● **WORK ITEM**:
Only lines containing the string "made" belong in the answer; copy all of them from the entries.
*** SUPPLIED MATERIAL ***
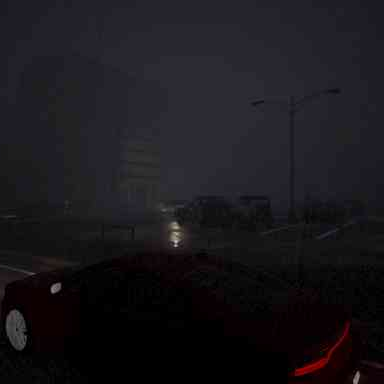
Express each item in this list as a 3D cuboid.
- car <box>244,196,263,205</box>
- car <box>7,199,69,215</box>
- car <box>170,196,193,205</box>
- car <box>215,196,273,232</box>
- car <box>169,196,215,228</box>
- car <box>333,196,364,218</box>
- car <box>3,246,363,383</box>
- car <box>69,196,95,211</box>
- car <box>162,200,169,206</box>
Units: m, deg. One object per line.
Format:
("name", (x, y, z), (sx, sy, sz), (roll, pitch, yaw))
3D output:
("car", (11.441, 1.526, 61.532), (1.812, 1.442, 4.674), (0, 0, 34))
("car", (-15.772, 1.546, 33.861), (2.033, 1.411, 5.357), (0, 0, 34))
("car", (-1.927, 1.525, 60.652), (1.812, 1.442, 4.674), (0, 0, 34))
("car", (3.270, 1.156, 19.088), (1.905, 1.878, 3.866), (0, 0, 34))
("car", (0.902, 1.153, 20.753), (1.932, 1.855, 4.605), (0, 0, 34))
("car", (15.288, 1.395, 32.049), (1.970, 1.475, 3.806), (0, 0, 34))
("car", (-0.565, 1.478, 4.390), (5.008, 1.535, 1.882), (0, 0, 35))
("car", (-14.590, 1.352, 41.909), (2.097, 1.767, 4.553), (0, 0, 34))
("car", (-2.763, 1.601, 53.217), (1.895, 1.301, 4.718), (0, 0, 34))
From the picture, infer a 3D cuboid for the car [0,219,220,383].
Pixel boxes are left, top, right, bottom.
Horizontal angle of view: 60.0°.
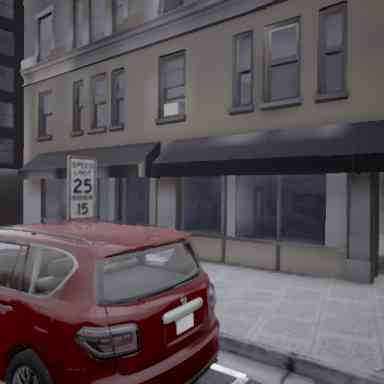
[{"bbox_3d":[-2.007,1.313,4.498,5.009,1.841,2.192,0,1,36],"label":"car"}]
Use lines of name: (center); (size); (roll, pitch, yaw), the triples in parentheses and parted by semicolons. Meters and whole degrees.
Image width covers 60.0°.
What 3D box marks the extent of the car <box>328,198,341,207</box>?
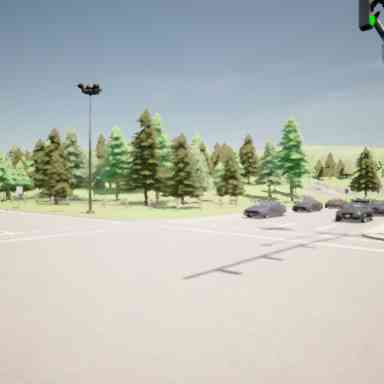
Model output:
car: (19.268, 1.486, 44.590); (1.994, 1.385, 4.181); (0, 0, 40)

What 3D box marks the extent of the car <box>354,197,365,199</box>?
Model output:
car: (27.319, 1.512, 54.242); (1.895, 1.301, 4.718); (0, 0, 40)

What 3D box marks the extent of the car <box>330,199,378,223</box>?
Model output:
car: (12.334, 1.522, 25.229); (1.994, 1.385, 4.181); (0, 0, 39)

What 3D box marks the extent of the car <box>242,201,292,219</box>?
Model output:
car: (6.502, 1.487, 29.160); (2.033, 1.411, 5.357); (0, 0, 39)

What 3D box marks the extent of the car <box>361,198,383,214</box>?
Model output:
car: (17.654, 1.515, 31.695); (1.994, 1.385, 4.181); (0, 0, 38)

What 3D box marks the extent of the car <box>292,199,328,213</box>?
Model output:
car: (12.893, 1.478, 36.905); (2.033, 1.411, 5.357); (0, 0, 39)
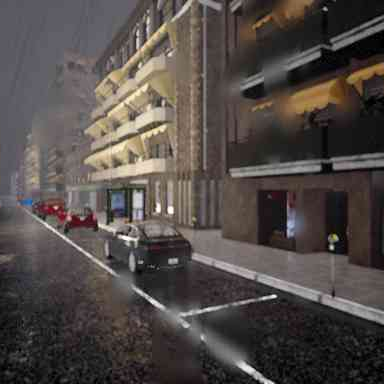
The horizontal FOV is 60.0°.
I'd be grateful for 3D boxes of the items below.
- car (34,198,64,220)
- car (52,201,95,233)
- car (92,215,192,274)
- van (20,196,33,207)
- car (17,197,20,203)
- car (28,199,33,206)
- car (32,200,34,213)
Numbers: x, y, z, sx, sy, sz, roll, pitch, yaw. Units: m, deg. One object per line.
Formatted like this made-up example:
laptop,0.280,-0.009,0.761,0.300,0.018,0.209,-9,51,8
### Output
car,-12.741,1.477,30.334,2.192,1.841,5.009,0,0,-30
car,-7.157,1.548,20.513,1.967,1.590,4.097,0,0,-30
car,-1.573,1.605,10.693,2.008,1.369,4.403,0,0,-30
van,-29.494,1.678,59.795,1.690,1.788,3.998,0,0,-30
car,-32.285,1.933,64.704,1.947,1.339,4.313,0,0,-30
car,-18.325,1.799,40.153,1.802,1.307,4.206,0,0,-30
car,-15.534,1.772,35.243,1.802,1.307,4.206,0,0,-30
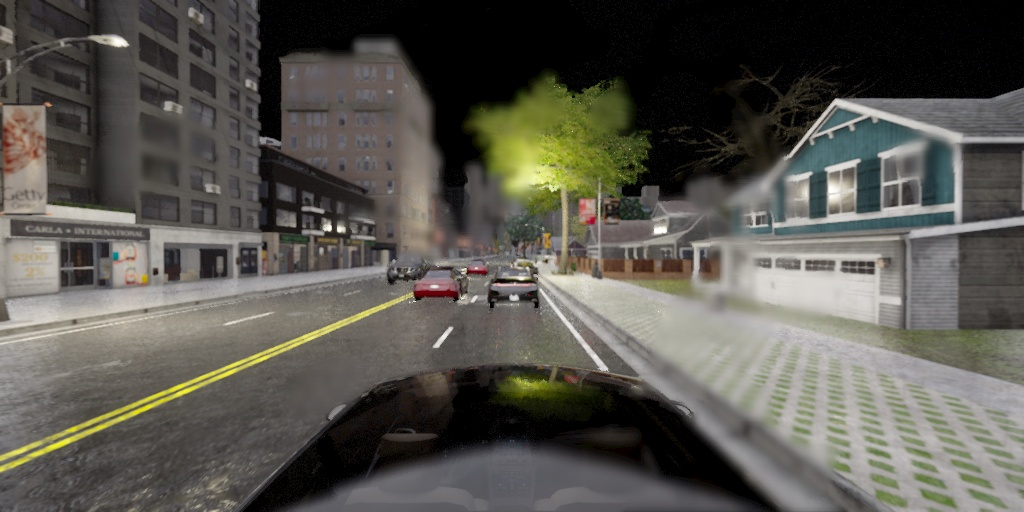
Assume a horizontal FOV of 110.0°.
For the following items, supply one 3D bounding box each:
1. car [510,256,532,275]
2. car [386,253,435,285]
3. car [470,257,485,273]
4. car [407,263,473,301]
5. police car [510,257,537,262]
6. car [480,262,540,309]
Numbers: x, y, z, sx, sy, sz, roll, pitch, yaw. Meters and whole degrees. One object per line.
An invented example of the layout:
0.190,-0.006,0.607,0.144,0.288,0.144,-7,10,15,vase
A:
0.864,0.877,35.928,2.097,1.767,4.553,0,0,0,car
-6.672,0.826,24.416,2.150,2.045,5.566,0,0,0,car
-3.256,1.097,34.742,1.994,1.385,4.181,0,0,0,car
-3.198,1.220,16.790,1.994,1.385,4.181,0,0,0,car
0.896,1.019,26.068,1.930,1.638,5.238,0,0,0,police car
0.060,1.163,14.287,2.128,1.511,4.902,0,0,0,car
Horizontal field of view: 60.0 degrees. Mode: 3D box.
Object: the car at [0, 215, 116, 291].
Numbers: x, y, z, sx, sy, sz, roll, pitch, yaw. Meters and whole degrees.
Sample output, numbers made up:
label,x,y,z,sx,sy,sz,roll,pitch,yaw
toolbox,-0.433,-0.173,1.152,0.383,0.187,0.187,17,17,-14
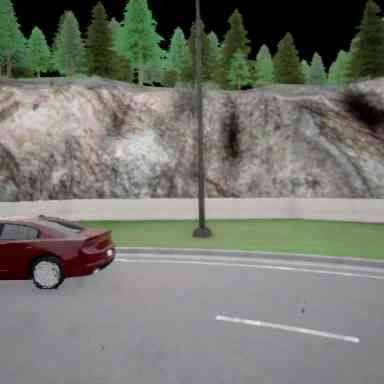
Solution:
label,x,y,z,sx,sy,sz,roll,pitch,yaw
car,-4.416,1.322,8.045,5.008,1.535,1.882,-1,1,5
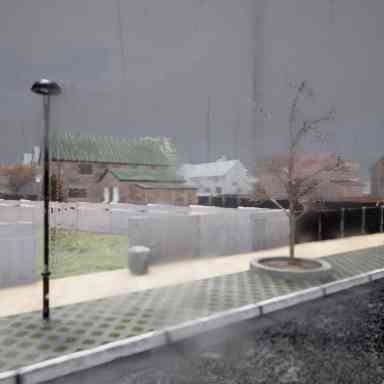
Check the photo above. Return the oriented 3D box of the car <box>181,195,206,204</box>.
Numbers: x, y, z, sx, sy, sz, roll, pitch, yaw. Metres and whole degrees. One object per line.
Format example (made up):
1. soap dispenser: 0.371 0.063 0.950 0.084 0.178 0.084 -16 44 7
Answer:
1. car: 0.193 1.185 55.111 1.895 1.301 4.718 0 1 -34

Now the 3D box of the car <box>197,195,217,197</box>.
1. car: 2.793 1.204 46.158 1.812 1.442 4.674 0 1 -34

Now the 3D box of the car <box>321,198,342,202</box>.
1. car: 13.053 1.359 31.071 2.128 1.511 4.902 0 1 -34
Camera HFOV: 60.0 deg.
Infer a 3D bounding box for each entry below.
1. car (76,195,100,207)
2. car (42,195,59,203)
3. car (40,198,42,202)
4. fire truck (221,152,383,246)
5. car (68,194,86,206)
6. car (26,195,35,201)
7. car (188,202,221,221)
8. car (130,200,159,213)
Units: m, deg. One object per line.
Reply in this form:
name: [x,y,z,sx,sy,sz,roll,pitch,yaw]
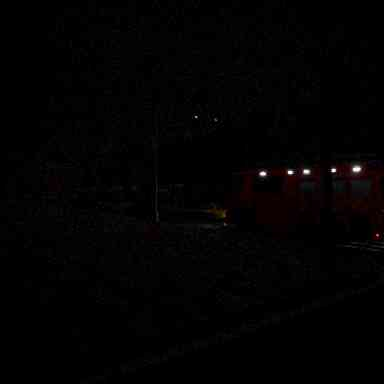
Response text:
car: [-15.099,1.499,49.240,1.947,1.339,4.313,0,0,-36]
car: [-28.465,1.379,67.611,1.967,1.590,4.097,0,0,-36]
car: [-31.807,1.523,72.204,1.802,1.307,4.206,0,0,-36]
fire truck: [5.480,0.337,16.489,2.891,3.827,8.468,0,0,-36]
car: [-18.441,1.250,53.833,2.192,1.841,5.009,0,0,-36]
car: [-41.831,1.518,85.981,2.008,1.369,4.403,0,0,-36]
car: [1.509,1.485,26.416,1.752,1.417,4.829,0,0,-36]
car: [-5.074,1.508,35.463,1.947,1.339,4.313,0,0,-36]
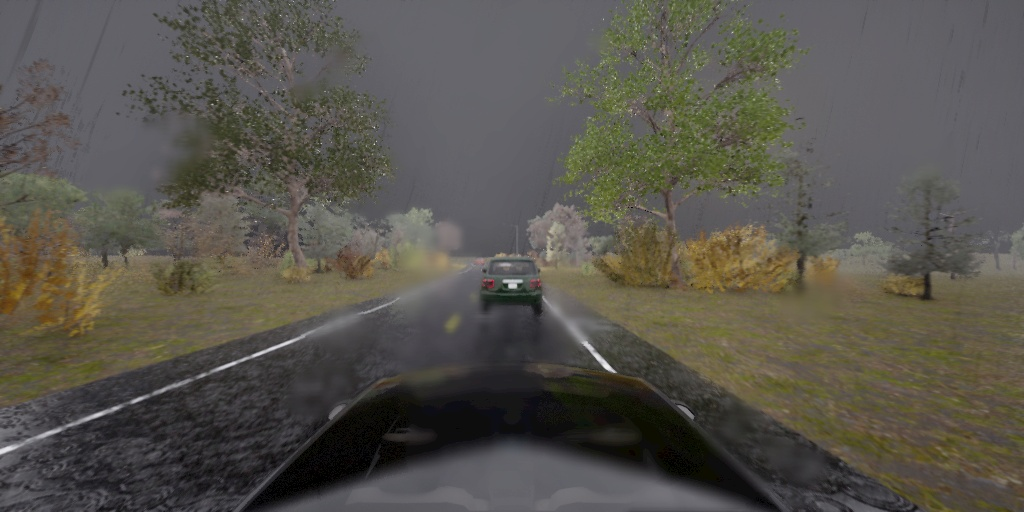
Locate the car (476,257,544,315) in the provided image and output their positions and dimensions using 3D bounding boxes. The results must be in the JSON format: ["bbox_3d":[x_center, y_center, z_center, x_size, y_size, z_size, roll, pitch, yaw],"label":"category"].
[{"bbox_3d":[-0.012,1.053,14.213,2.150,2.045,5.566,0,0,-1],"label":"car"}]
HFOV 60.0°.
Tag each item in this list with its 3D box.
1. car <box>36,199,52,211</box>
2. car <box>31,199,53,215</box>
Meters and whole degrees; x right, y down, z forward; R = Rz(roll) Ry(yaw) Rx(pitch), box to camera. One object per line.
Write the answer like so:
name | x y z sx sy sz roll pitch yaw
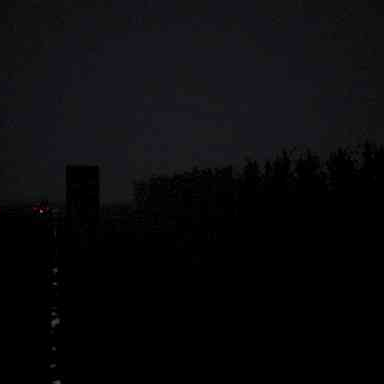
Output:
car | -20.049 1.662 45.238 1.812 1.442 4.674 0 0 -22
car | -16.155 1.716 35.881 1.895 1.301 4.718 0 0 -22
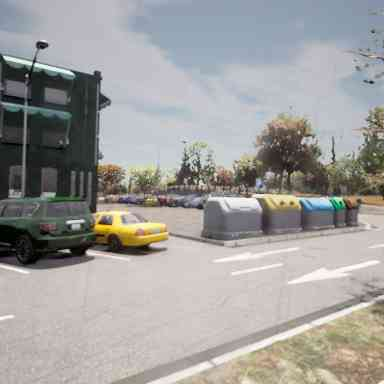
*** End of SUPPLIED MATERIAL ***
● **EXPECTED ANSWER**:
Formatted like this made-up example:
Sample output, numbers made up:
Format example (made up):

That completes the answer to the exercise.